Hi @ColeWunderlich ,
I have mostly developed the splatter-based developed because that has become the favorable choice for most of the users. What you did by transposing and using the --custom
flag should be right.
modifiedCellName
should be the unchanged version of cell, I just added UMI in my latest commit to it. Let me know if that works.
Thanks
Hey @hiraksarkar,
Sorry for taking so long to get back to you.
That makes sense. From reading some of the old issues I got the impression that splatter-mode
was the only mode currently supported.
I applied the new fix and performed a test run, everything looks like it is working as expected. Thanks for the update!
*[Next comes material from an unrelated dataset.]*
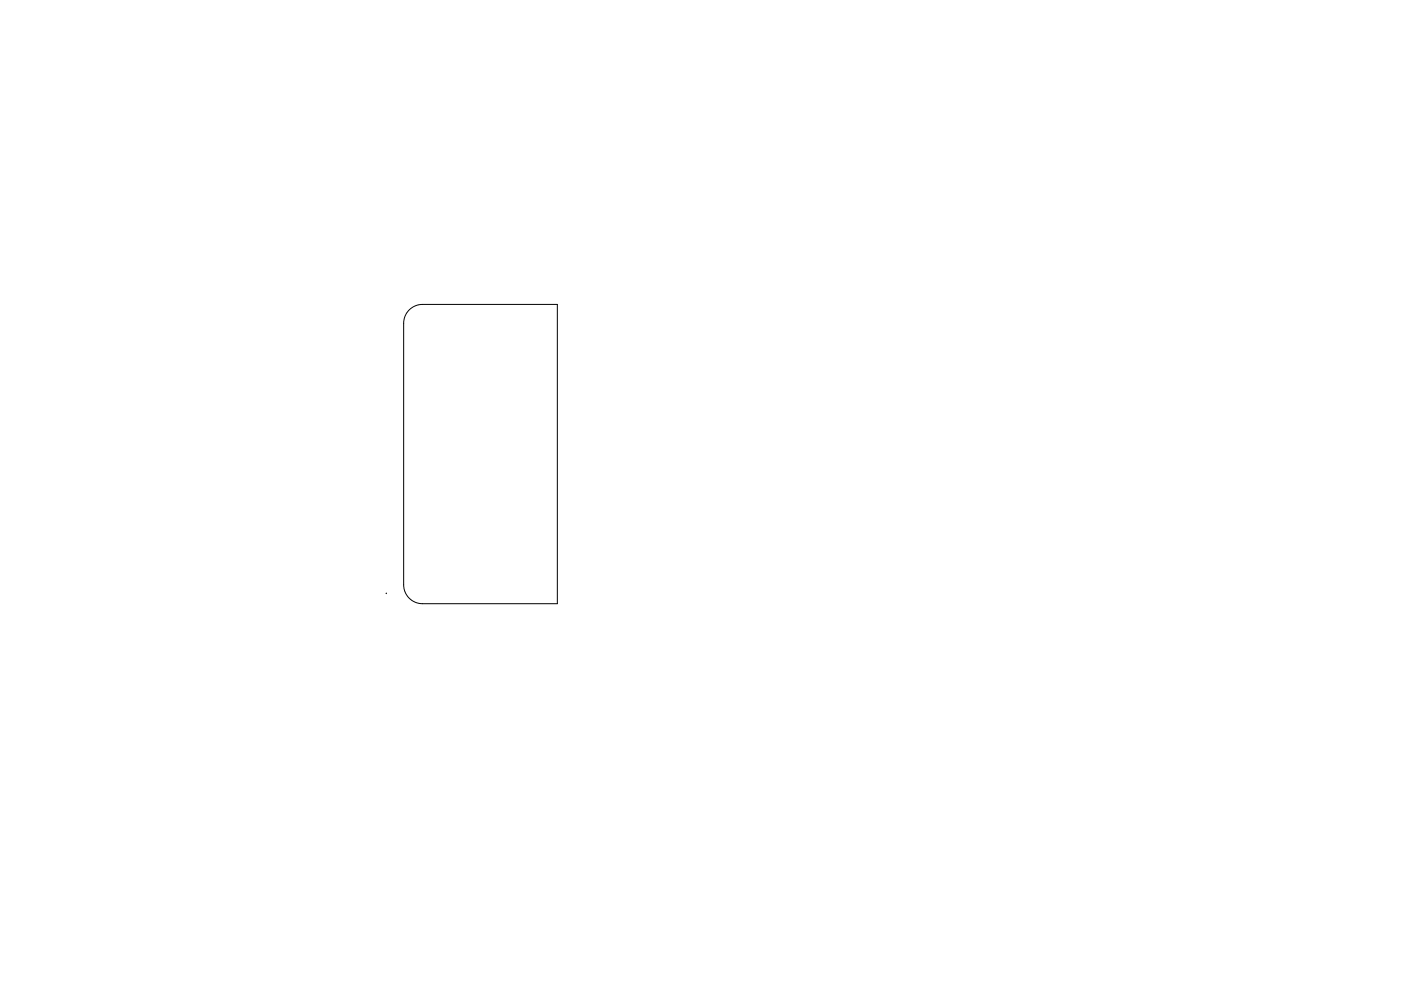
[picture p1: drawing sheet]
<svg xmlns="http://www.w3.org/2000/svg" width="297mm" height="210mm" viewBox="0 0 297 210" stroke-linecap="round" stroke-linejoin="round" font-family="sans-serif">
<path d="M86.8 65.8a4 4 0 0 1 2.8-1.2h28.6v63.5h-28.6a4 4 0 0 1-4-4v-55.5a4 4 0 0 1 1.2-2.8z" fill="none" stroke="#000" stroke-width=".21"/>
<circle cx="81.9" cy="125.9" r=".05" fill="#000" stroke="#000" stroke-width=".21"/>
</svg>

I also have a few questions about how to run minnow properly. Would this thread be a good place to discuss them?
Hi @ColeWunderlich ,
Feel free to ask here or drop me an email at hiraksarkar.cs@gmail.com, we can chat more. If you want to discuss the modes or modifications, I won't close the issue. Please let me know.
Thanks
Closing this due to inactivity.
Hello,
Is there a way to get the true UMI sequence for each read?
So far after running minnow my read names look like this (example from R1 file):
The cell barcode is clearly in the read name, but there is no information about the true UMI sequence for the read. I also cannot find this information anywhere else in the minnow output.
This information seems critical since the observed UMI sequence may contain PCR errors.
Is this a bug or does minnow not normally give you information about the true UMI sequence for each read?